[[ Input for this task open ]]

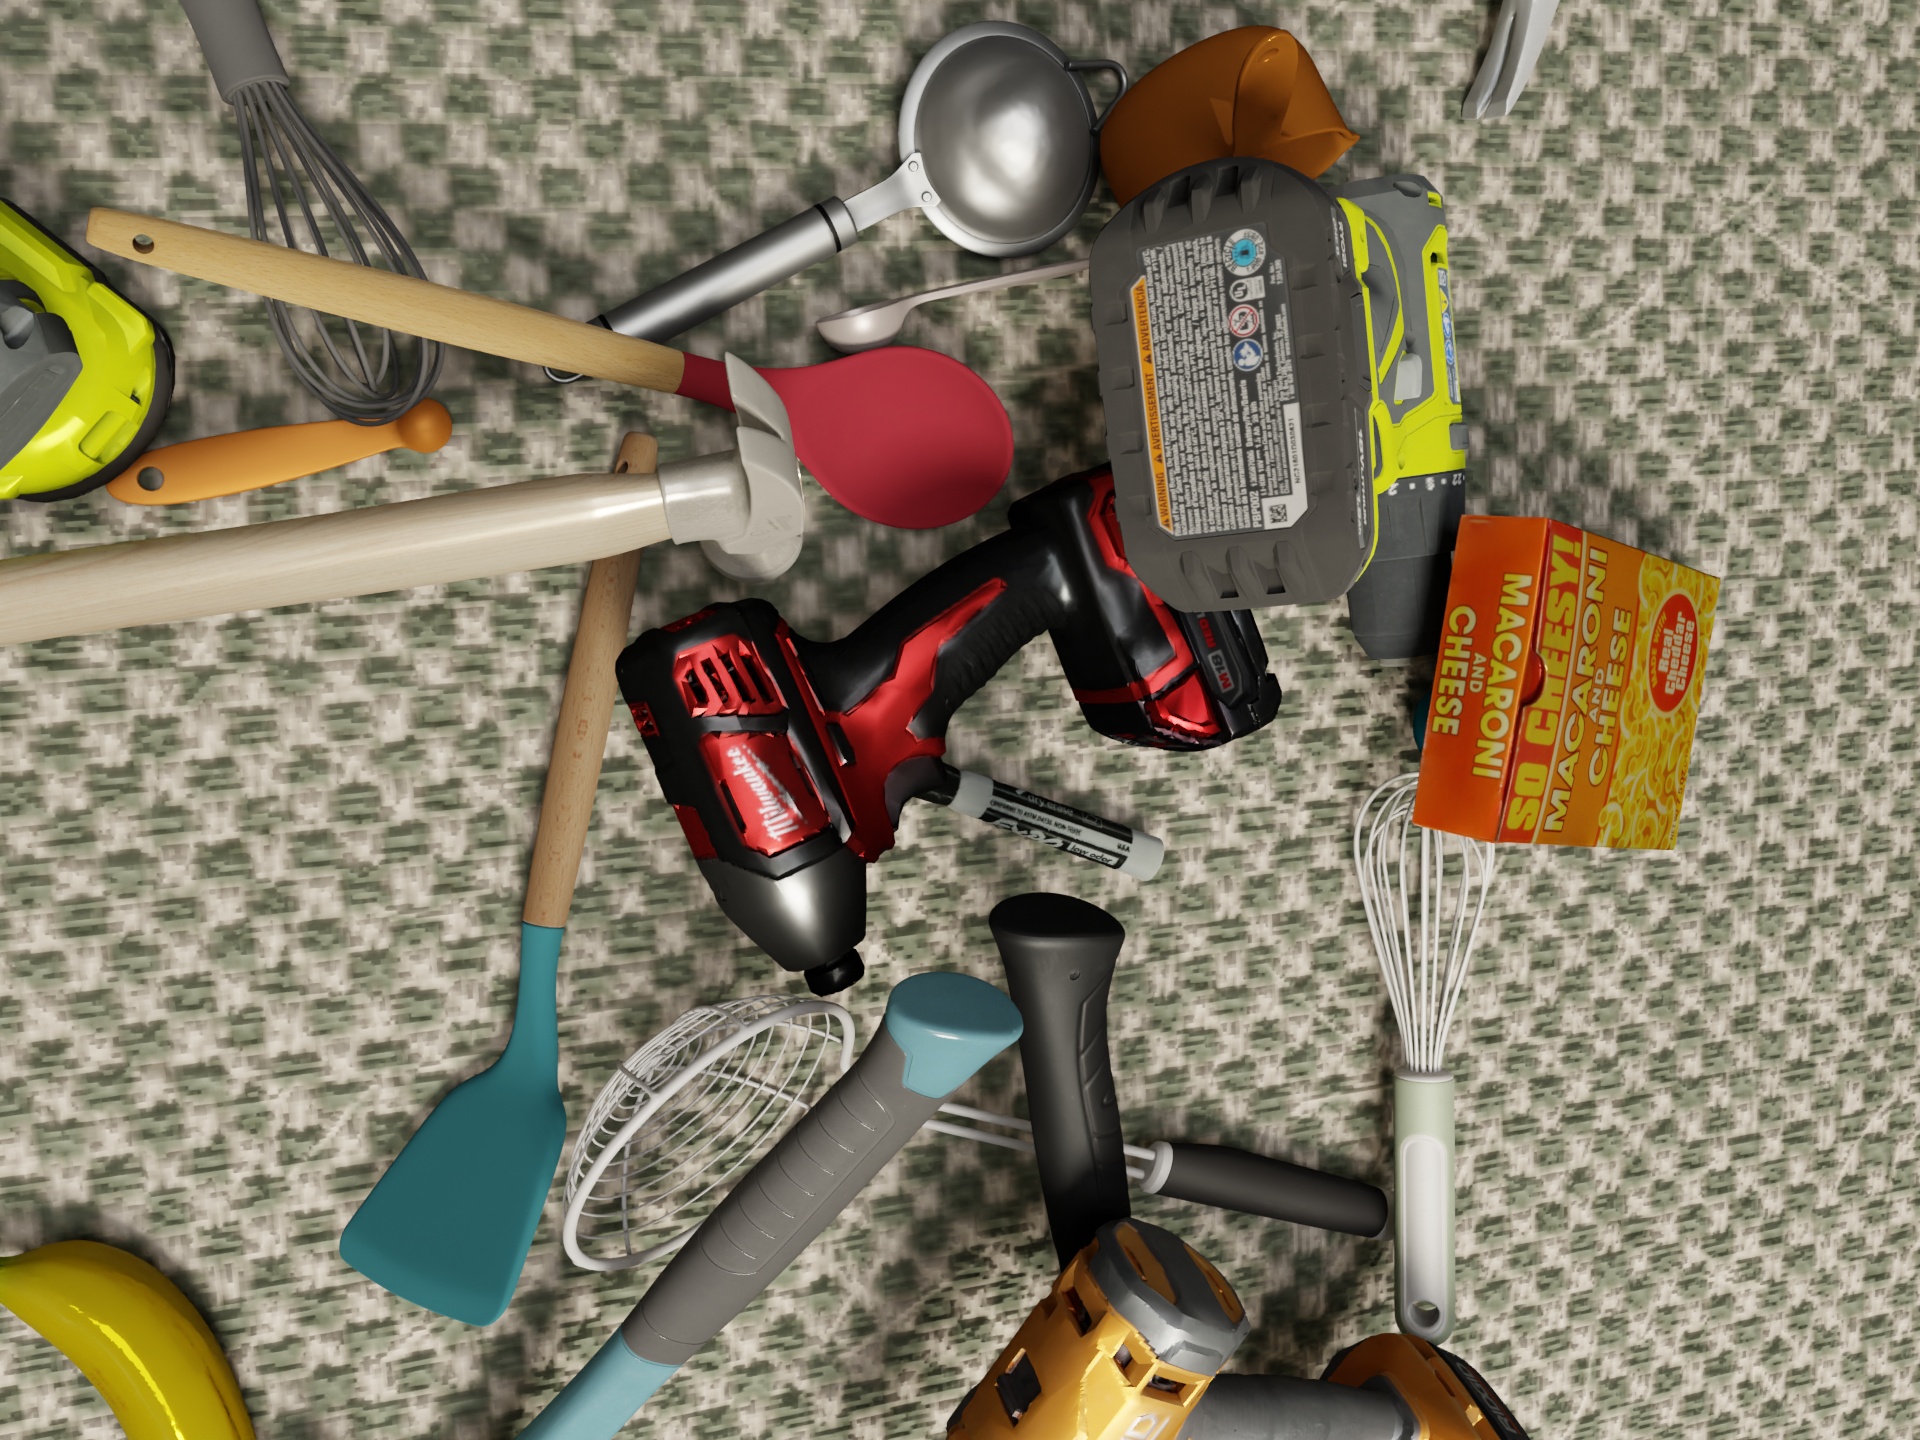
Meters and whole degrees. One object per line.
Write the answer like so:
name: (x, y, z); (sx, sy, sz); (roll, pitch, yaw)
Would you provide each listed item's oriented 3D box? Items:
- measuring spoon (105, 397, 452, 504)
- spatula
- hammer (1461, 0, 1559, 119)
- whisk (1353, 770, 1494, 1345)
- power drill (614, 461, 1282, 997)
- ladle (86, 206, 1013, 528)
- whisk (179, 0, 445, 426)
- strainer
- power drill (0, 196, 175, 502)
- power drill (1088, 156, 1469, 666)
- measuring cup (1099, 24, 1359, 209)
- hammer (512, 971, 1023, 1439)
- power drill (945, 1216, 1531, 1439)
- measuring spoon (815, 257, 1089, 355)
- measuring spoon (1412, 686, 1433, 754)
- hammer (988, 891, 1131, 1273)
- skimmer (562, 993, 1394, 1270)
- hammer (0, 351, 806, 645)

[[ Input for this task closed ]]

Exercise objective - Search the records for the string "spoon" and return every line in which it occurs.

Task output -
- measuring spoon (105, 397, 452, 504)
- measuring spoon (815, 257, 1089, 355)
- measuring spoon (1412, 686, 1433, 754)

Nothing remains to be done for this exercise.